According to McKinsey PowerPoint slides, the firm proposed four options, among them suing the FDA to “delay” the imposition of a safety plan and to “band together” with other opioid producers to “formulate arguments to defend against strict treatment by the FDA.” Purdue selected the latter, with McKinsey helping to implement the strategy. In 2009, McKinsey emails and slides show, its consultants prepared Purdue executives for at least two meetings with FDA officials. (One suggested answer to questions about who at Purdue would take personal responsibility for OxyContin overdoses: “We all feel responsible.”)

In the meantime, according to a 2011 FDA contract, the agency’s drug-regulation division hired McKinsey to develop a “new operating model” for the office responsible for developing drug-safety plans of the sort Purdue and its allies were fighting against, with the consultancy’s help. Among McKinsey’s tasks were defining the office’s “strategic goals and objectives,” including its “role in monitoring drug safety.”

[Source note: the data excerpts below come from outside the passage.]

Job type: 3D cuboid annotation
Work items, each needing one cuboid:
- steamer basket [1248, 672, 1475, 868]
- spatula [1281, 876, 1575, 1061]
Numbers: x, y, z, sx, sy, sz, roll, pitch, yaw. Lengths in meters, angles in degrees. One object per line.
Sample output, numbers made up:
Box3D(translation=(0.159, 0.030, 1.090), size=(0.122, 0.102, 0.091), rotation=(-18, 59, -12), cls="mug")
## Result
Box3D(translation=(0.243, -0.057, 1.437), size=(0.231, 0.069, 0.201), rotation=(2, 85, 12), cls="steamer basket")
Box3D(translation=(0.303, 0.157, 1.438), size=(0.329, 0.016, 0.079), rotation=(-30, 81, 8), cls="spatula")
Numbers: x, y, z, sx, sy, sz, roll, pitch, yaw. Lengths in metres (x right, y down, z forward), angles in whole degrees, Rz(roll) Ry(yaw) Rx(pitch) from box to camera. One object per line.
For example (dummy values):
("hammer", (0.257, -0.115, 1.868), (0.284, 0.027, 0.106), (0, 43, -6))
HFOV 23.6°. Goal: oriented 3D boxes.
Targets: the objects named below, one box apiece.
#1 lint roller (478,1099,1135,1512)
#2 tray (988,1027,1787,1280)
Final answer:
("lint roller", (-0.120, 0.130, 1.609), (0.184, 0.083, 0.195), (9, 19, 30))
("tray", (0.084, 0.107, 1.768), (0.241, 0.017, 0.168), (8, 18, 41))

In 2012, the FDA issued a substantially watered-down version of the opioid-safety plan.

There’s no evidence to suggest McKinsey’s consultants at the FDA influenced the opioid-safety plan. But this apparent overlap between a government contract and an assignment for a commercial client reflects the type of issue an agency would want to consider when assessing whether a potential conflict of interest exists. Agencies are likeliest to identify a conflict “where an outside business venture is related directly to the subject matter of the procurement and structured such that there is a real economic incentive for biased performance,” Keith Szeliga, a partner at the law firm Sheppard Mullin, wrote in a 2006 article in the Public Contract Law Journal.

A number of other McKinsey projects at the FDA, contracting records show, were also likely to have a financial impact on its pharmaceutical industry clients. In 2010, for example, the FDA hired the firm to help it develop a system to track and trace the distribution of potentially harmful prescription drugs. The contract required the firm to consult with “supply chain stakeholders,” a category that potentially included a number of long-standing McKinsey clients. Hassan and her fellow senators, in their recent letter to the FDA, called this “an obvious conflict of interest.”

Another contract, from 2014, tasked McKinsey with assessing the “strengths, limitations and appropriate use” of Sentinel, a system meant to monitor the safety of drugs once they’re on the market. That project likewise called for McKinsey to interview “external stakeholders,” including “industry organizations” and “drug and device industry leaders.”

The news of McKinsey’s opioid work apparently did little to dampen the FDA’s enthusiasm for the consultancy. In March 2019, just after the news broke, the agency signed a new contract with McKinsey — extending the firm’s multiyear effort to help the FDA “modernize” the process by which it regulates new drugs.